Nevertheless, given that formalin fixation is known to produce several DNA injuries (Do and Dobrovic, 2015; Do et al, 2013; Lamy et al, 2011), including deamination of the cytosine to uracil which generates artifactual C:G>T:A changes, in our study we also investigated the nature of these subclonal KRAS mutations by pre-treating DNAs with UDG. This enzyme removes uracil bases belonging to cytosine deamination and creates disruptions along DNA sequence interfering with the PCR amplification of the artifactual mutated sequences only. Following UDG digestion results were reproduced in two cases only, both originally wild-type by Sequenom and found to harbour mutations with a MAF >3% by fast-COLD-PCR. This finding leads to a frequency of true subclonal KRAS mutations of 2.1% of the Sequenom wild-type tumours.

This evidence on artifactual DNA changes in FFPE samples is of utmost importance, as recently the somatic mutation load has been critically reviewed to determine the association with response or resistance to specific targeted therapies (Dono et al, 2013; Molinari et al, 2011; Van Cutsem et al, 2015). One may wonder which level of mutational load is to be considered clinically predictive of responsiveness/resistance to a specific targeted therapy. Several groups have identified KRAS mutations harbouring low MAFs in mCRC patients (Dono et al, 2013; Kimura et al, 2012; Laurent-Puig et al, 2015; Molinari et al, 2011; Normanno et al, 2015; Tougeron et al, 2013; Van Cutsem et al, 2015) (Supplementary Table 1); however, distinct cutoffs to define minor subclones have been adopted, heterogeneous cohorts (selected or unselected patients) were analysed and details about the use of UDG pre-treatment were not reported, thus leading to results that are difficult to compare. Nevertheless, based on our data and on results of other studies (Laurent-Puig et al, 2015; Normanno et al, 2015; Tougeron et al, 2013), a MAF range comprised between 1 and 3% seems to emerge as a grey area of mutational loads either with or without clinical significance. Indeed, Tougeron et al (2013) were able to show that presence of mutations with a MAF >2.3% was associated with cetuximab resistance and shorter progression-free survival. Likewise, Normanno et al (2015) reported a shorter survival for those patients with a tumour harbouring KRAS mutations with a MAF >3%. Of note, Laurent-Puig et al (2015) observed that patients with less than 1% of KRAS MAF showed similar progression-free survival and overall survival than those with wild-type KRAS tumours, thus suggesting that patients with mCRC with KRAS-mutated subclones (at least those with a KRAS-mutated subclones fraction lower or equal to 1%) had a benefit from anti-EGFR therapies.

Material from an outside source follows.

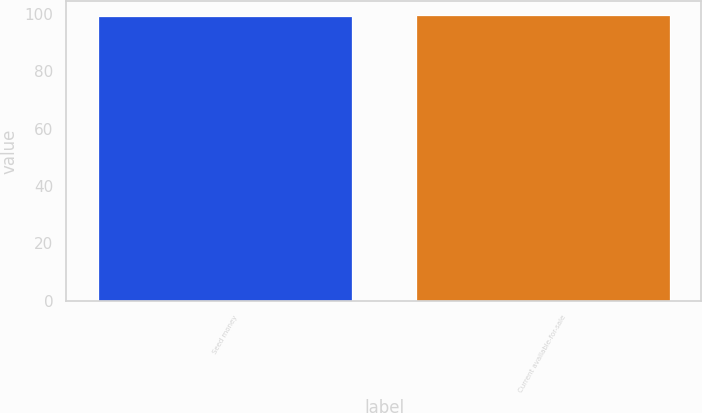Convert chart. <chart><loc_0><loc_0><loc_500><loc_500><bar_chart><fcel>Seed money<fcel>Current available-for-sale<nl><fcel>99.5<fcel>99.6<nl></chart>

Taken together these data suggest that subclonal mutations with a very low MAF have to be taken with caution and further analysed by including an UDG digestion step in the process to truly identify mutations governing the choice of a therapeutic compound. This is also of importance for an accurate mutational tracking of patients exhibiting emergence of KRAS-mutated clones in their plasma during anti-EGFR treatments.

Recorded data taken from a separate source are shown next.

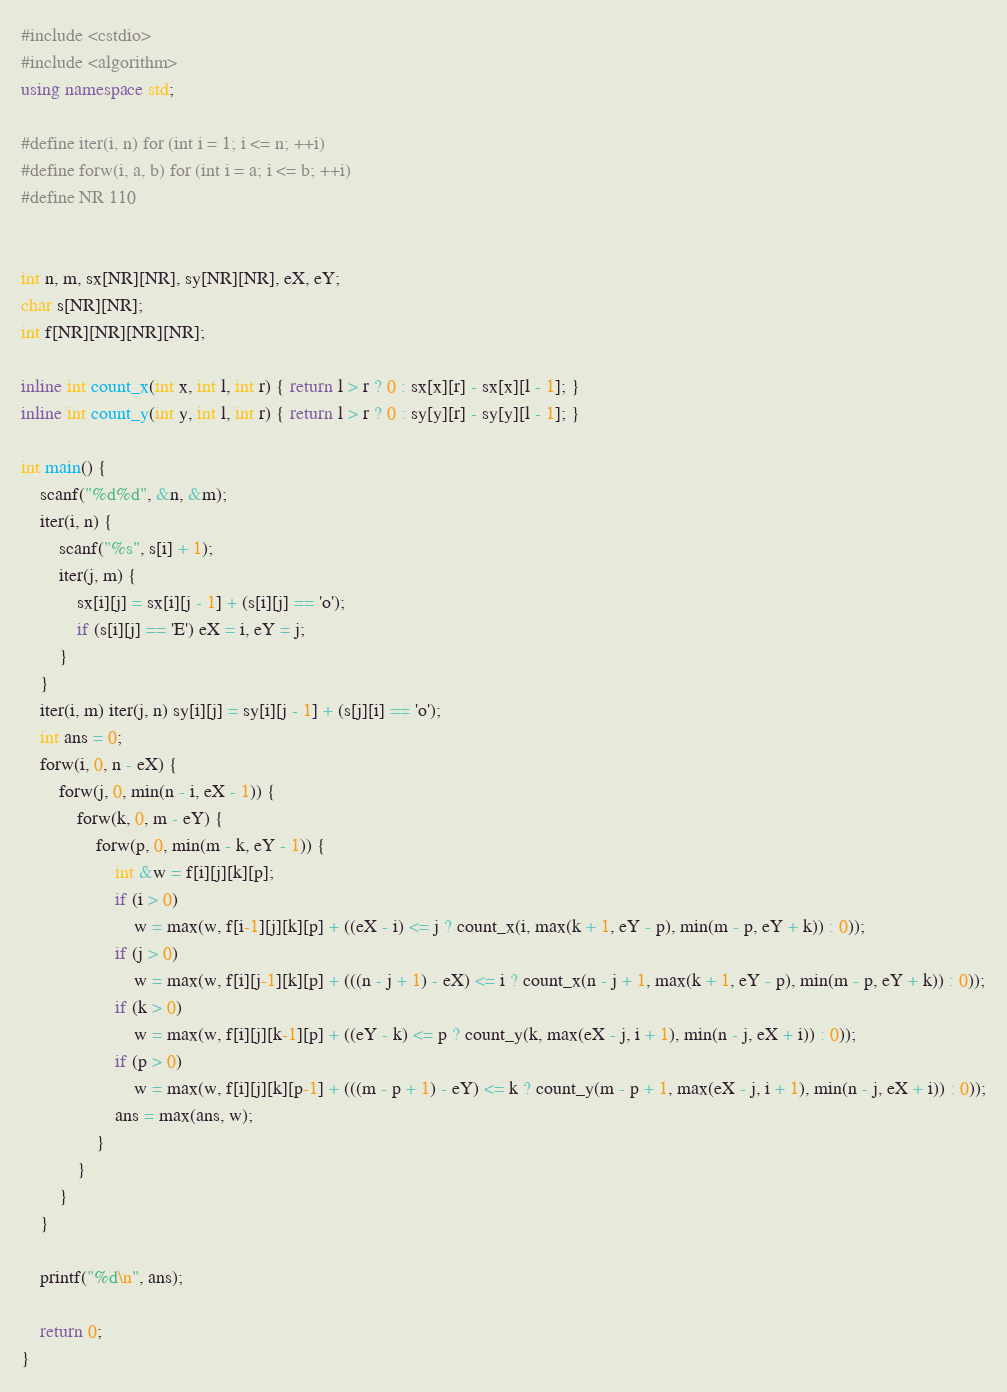Convert code to text. <code><loc_0><loc_0><loc_500><loc_500><_C++_>#include <cstdio>
#include <algorithm>
using namespace std;

#define iter(i, n) for (int i = 1; i <= n; ++i)
#define forw(i, a, b) for (int i = a; i <= b; ++i)
#define NR 110


int n, m, sx[NR][NR], sy[NR][NR], eX, eY;
char s[NR][NR];
int f[NR][NR][NR][NR];

inline int count_x(int x, int l, int r) { return l > r ? 0 : sx[x][r] - sx[x][l - 1]; }
inline int count_y(int y, int l, int r) { return l > r ? 0 : sy[y][r] - sy[y][l - 1]; }

int main() {
	scanf("%d%d", &n, &m);
	iter(i, n) {
		scanf("%s", s[i] + 1);
		iter(j, m) {
			sx[i][j] = sx[i][j - 1] + (s[i][j] == 'o');
			if (s[i][j] == 'E') eX = i, eY = j;
		}
	}
	iter(i, m) iter(j, n) sy[i][j] = sy[i][j - 1] + (s[j][i] == 'o');
	int ans = 0;
	forw(i, 0, n - eX) {
		forw(j, 0, min(n - i, eX - 1)) {
			forw(k, 0, m - eY) {
				forw(p, 0, min(m - k, eY - 1)) {
					int &w = f[i][j][k][p];
					if (i > 0)
						w = max(w, f[i-1][j][k][p] + ((eX - i) <= j ? count_x(i, max(k + 1, eY - p), min(m - p, eY + k)) : 0));
					if (j > 0)
						w = max(w, f[i][j-1][k][p] + (((n - j + 1) - eX) <= i ? count_x(n - j + 1, max(k + 1, eY - p), min(m - p, eY + k)) : 0));
					if (k > 0)
						w = max(w, f[i][j][k-1][p] + ((eY - k) <= p ? count_y(k, max(eX - j, i + 1), min(n - j, eX + i)) : 0));
					if (p > 0)
						w = max(w, f[i][j][k][p-1] + (((m - p + 1) - eY) <= k ? count_y(m - p + 1, max(eX - j, i + 1), min(n - j, eX + i)) : 0));
					ans = max(ans, w);
				}
			}
		}
	}

	printf("%d\n", ans);

	return 0;
}</code>

In conclusion, our work further highlights that mCRCs are rather heterogeneous showing coexisting multiple gene mutations, with a small subset of patients (2.1% of the Sequenom wild-type tumours) harbouring KRAS mutations missed due to intrinsic limitations of the assay (in terms of sequence coverage and technical sensitivity). In addition, we also unveil the occurrence of artifactual mutations especially when MAFs are below 3%: this evidence strongly supports the importance of UDG pre-treatment of DNA samples from FFPE to confirm the presence of true DNA changes. Especially in the context of multicenter clinical trials, a proper assessment of pathogenic mutations harboured by tumour subclones (that is, intratumour heterogeneity) is warranted to better understand their biological significance and clinical impact, in terms of response to anti-EGFR molecules and targeted therapies in general.